In the same speech President Xi refers to the ever-important issue of air and water pollution. Stating that air pollution is top priority he reminds the audience that China has made a promise to the international community that before hosting the 2022 Beijing winter Olympics air quality will be improved. Specifically targeting the Beijing-Tianjin-Hebei Region and its surrounding area, the Yanztze River Delta, and the Fenhe-Weihe river Plain would be essential for a substantial improvement in air quality which he calls an “unconditional requirement ….to bring back blue skies” To achieve this it will be necessary to eliminate individual coal-fired boilers and suspend operations of outdated coal-fired power plants and then transform and upgrade them.
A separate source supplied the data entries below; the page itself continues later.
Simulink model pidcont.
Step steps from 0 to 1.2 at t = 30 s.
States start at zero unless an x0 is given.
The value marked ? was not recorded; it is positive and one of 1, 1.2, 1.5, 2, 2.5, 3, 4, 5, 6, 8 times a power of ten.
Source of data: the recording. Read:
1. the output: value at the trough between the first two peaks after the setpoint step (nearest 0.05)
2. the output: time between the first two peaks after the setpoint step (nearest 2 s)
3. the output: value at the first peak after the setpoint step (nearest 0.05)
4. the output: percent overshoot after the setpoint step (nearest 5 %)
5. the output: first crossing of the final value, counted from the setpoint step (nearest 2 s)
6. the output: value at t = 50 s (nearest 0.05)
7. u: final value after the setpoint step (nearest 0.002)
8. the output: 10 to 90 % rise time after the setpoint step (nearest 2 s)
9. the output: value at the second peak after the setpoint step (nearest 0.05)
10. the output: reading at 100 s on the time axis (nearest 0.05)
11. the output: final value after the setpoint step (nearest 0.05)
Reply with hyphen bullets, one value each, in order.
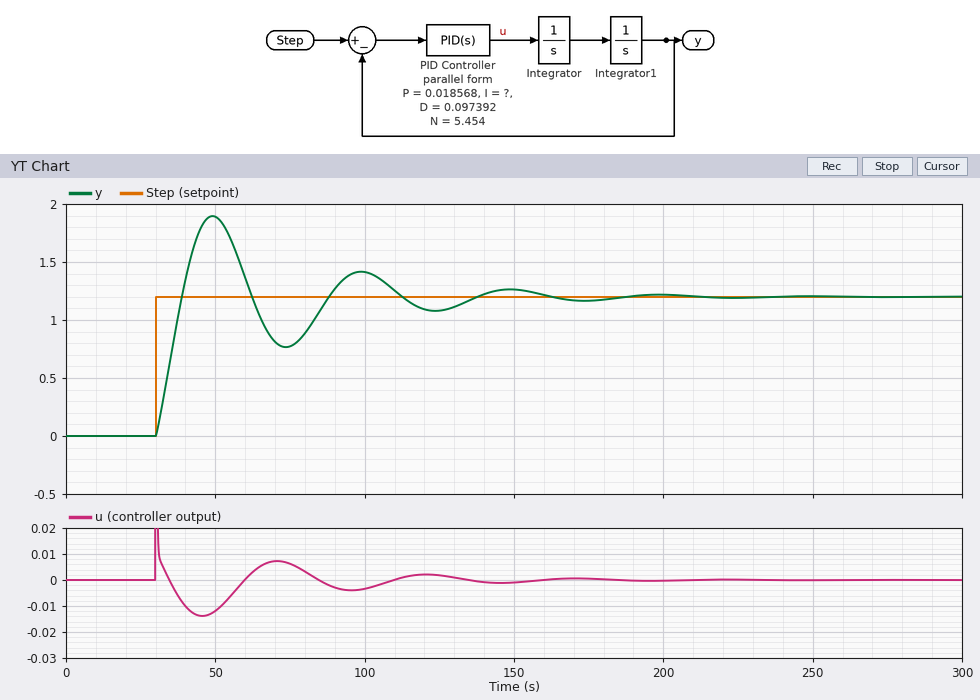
- 0.75
- 50 s
- 1.90
- 60 %
- 8 s
- 1.90
- 0.000
- 6 s
- 1.40
- 1.40
- 1.20
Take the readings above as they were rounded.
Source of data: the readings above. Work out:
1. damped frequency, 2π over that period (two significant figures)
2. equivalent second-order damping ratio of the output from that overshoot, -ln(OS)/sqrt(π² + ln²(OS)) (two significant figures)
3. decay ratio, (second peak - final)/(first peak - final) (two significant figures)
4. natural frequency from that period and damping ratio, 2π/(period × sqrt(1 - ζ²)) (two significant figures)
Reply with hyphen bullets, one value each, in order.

- 0.13 rad/s
- 0.16
- 0.29
- 0.13 rad/s
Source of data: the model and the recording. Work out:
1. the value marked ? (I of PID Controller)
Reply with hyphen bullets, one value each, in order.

- 0.0008
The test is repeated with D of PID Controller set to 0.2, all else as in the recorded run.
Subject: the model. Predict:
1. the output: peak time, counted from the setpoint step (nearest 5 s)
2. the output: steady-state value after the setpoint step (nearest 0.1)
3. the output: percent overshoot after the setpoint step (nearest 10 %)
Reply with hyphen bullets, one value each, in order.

- 15 s
- 1.2
- 30 %
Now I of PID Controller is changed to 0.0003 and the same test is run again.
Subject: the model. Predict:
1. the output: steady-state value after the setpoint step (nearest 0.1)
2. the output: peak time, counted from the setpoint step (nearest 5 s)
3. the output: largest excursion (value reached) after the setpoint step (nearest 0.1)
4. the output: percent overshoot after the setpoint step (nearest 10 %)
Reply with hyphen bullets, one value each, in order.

- 1.2
- 20 s
- 1.8
- 50 %

On controlling water pollution Xi Jinping suggests that all urban water bodies need to be cleaned up and in particular the Bohai sea water must be improved and the Yangtze River ecosystem should be protected and restored. In addition, soil pollution control can be done through promulgating and implementing a law to enforce the action plan (pp.427-29).

This section on environment and ecology also consists of the inaugural speech President Xi delivered on April 2019 at the International Horticulture Exhibition in Beijing. Since this event was attended by many foreign heads of governments and other dignitaries he urges all nations to join hands to meet the common challenges, he says “Only together we can effectively address climate change, marine pollution, biological conservation, and other global environmental issues, and achieve the UN 2030 Agenda for Sustainable Development” (p.436). Towards the end of this speech he mentions that China is prepared to work with other countries “to create a better homeland and a global community of shared future.” (p.437). The last sub-section on this subject is the Chinese president’s speech at the Forum on Eco-conservation and quality Development of the Yellow River Basin. Here he emphasizes on improving water conservation and preventing potential hazards due to too much sediment in the Yellow River.

Overall, the selection of speeches on ecology and environment made by the publishers is rather commendable as it gives the reader a very comprehensive picture of the policies and priorities of the Chinese leadership on a matter which has world-wide consequences.